MacHu-GWU / uszipcode-project

USA zipcode programmable database, includes up-to-date census and geometry information.
MIT License
231 stars 49 forks source link

Partial results in common_city_list #36

Open abhishekperambai opened 4 years ago

abhishekperambai commented 4 years ago

while trying to query the common_city_list using zipcode, package gives partial results.

Ex: for zipcode 99505 --> common_city_list

search.by_zipcode("99505").to_dict()["common_city_list"]
['Jber', 'Anchorage', 'Fort Richardson', 'Ft Richardso...']
mPyth commented 2 years ago

Among 51 US states (50 states + District of Columbia) there are 665 zip codes with partial field common_city_list (finished with three dots).
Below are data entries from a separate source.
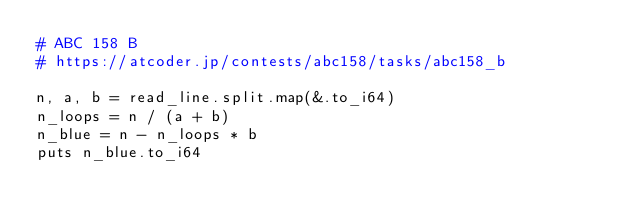<code> <loc_0><loc_0><loc_500><loc_500><_Crystal_># ABC 158 B
# https://atcoder.jp/contests/abc158/tasks/abc158_b

n, a, b = read_line.split.map(&.to_i64)
n_loops = n / (a + b)
n_blue = n - n_loops * b
puts n_blue.to_i64
</code> 
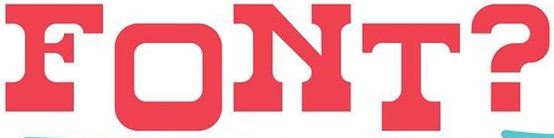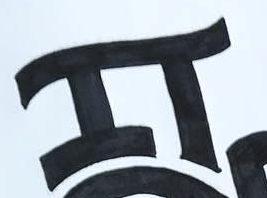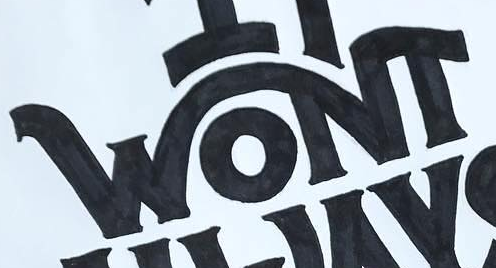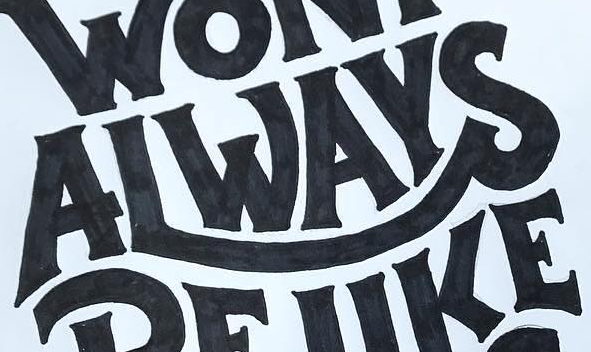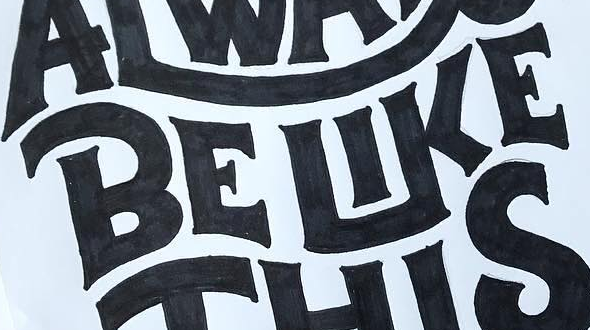Identify the words shown in these images in order, separated by a semicolon. FONT?; IT; WONT; ALWAYS; BELIKE 
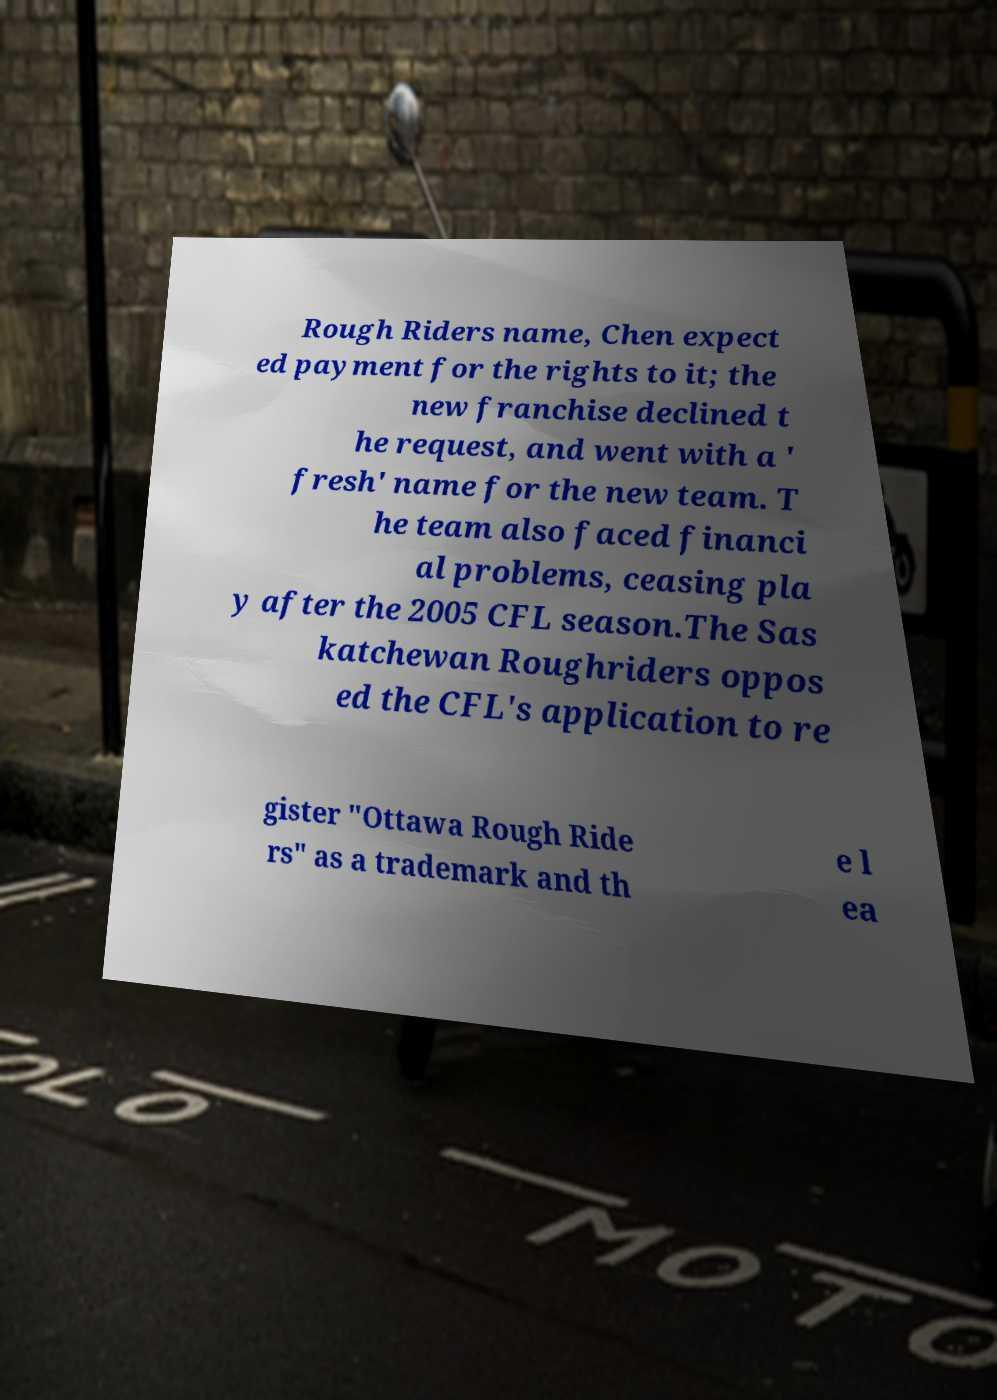What messages or text are displayed in this image? I need them in a readable, typed format. Rough Riders name, Chen expect ed payment for the rights to it; the new franchise declined t he request, and went with a ' fresh' name for the new team. T he team also faced financi al problems, ceasing pla y after the 2005 CFL season.The Sas katchewan Roughriders oppos ed the CFL's application to re gister "Ottawa Rough Ride rs" as a trademark and th e l ea 
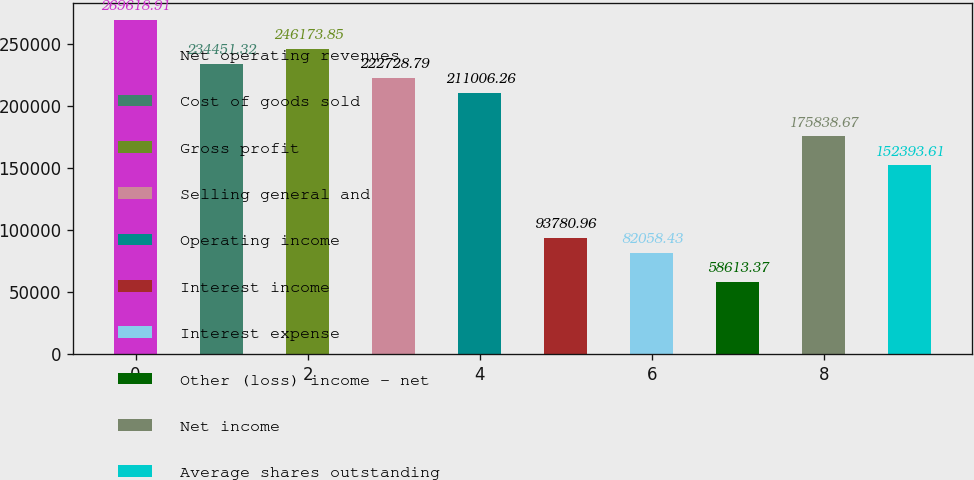<chart> <loc_0><loc_0><loc_500><loc_500><bar_chart><fcel>Net operating revenues<fcel>Cost of goods sold<fcel>Gross profit<fcel>Selling general and<fcel>Operating income<fcel>Interest income<fcel>Interest expense<fcel>Other (loss) income - net<fcel>Net income<fcel>Average shares outstanding<nl><fcel>269619<fcel>234451<fcel>246174<fcel>222729<fcel>211006<fcel>93781<fcel>82058.4<fcel>58613.4<fcel>175839<fcel>152394<nl></chart>

This is obvious bug.

Here are some of them:

98155: Seattle, Lake Forest Park, Lk Forest Pk, Shorelin...
10591: Tarrytown,N Tarrytown, North Tarrytown, Sleepy Hol...
18424: Gouldsboro, Clifton, Clifton Township, Clifton Twp, ...
26525: Bruceton Mills, Brandonville, Bruceton Mls, Cuzzart, Haz...
32081: Ponte Vedra, Ponte Vedra Beach, Tn Of Nocatee, Town O...
41465: Salyersville, Bethanna,Burning Fork, Carver, Cisco, C...

In python file uszipcode/db.py there are reference to used zip code table: http://federalgovernmentzipcodes.us/ . In that table these information are present (in another format).

Zip with the most 'acceptable' cities (aka common_city_list) is 41465 (last from previous list) - there are 31 such cities. Here are its common_city_list (primary city is Salyersville): Bethanna, Burning Fork, Carver, Cisco, Conley, Cutuno, Cyrus, Duco, Edna, Elsie, Ever, Flat Fork, Foraker, Fredville, Fritz, Gapville, Gifford, Hager, Harper, Hendricks, Ivyton, Lickburg, Logville, Maggard, Marshallville, Mashfork, Seitz, Stella, Sublett, Swampton, Wonnie. Interesting fact is that each of these 31 cities represent valuable information, each of them is real village and not dummy abbreviation (in other zip codes half of them are unusable abbreviations).

Problems with mentioned table (http://federalgovernmentzipcodes.us/): * it contains 64 ZIP codes less than uszipcode * precision of longitude and latitude in both databases has precision of only 1/100 of the degree which is 1000m in Florida and 750m in North Dakota (in longitude direction).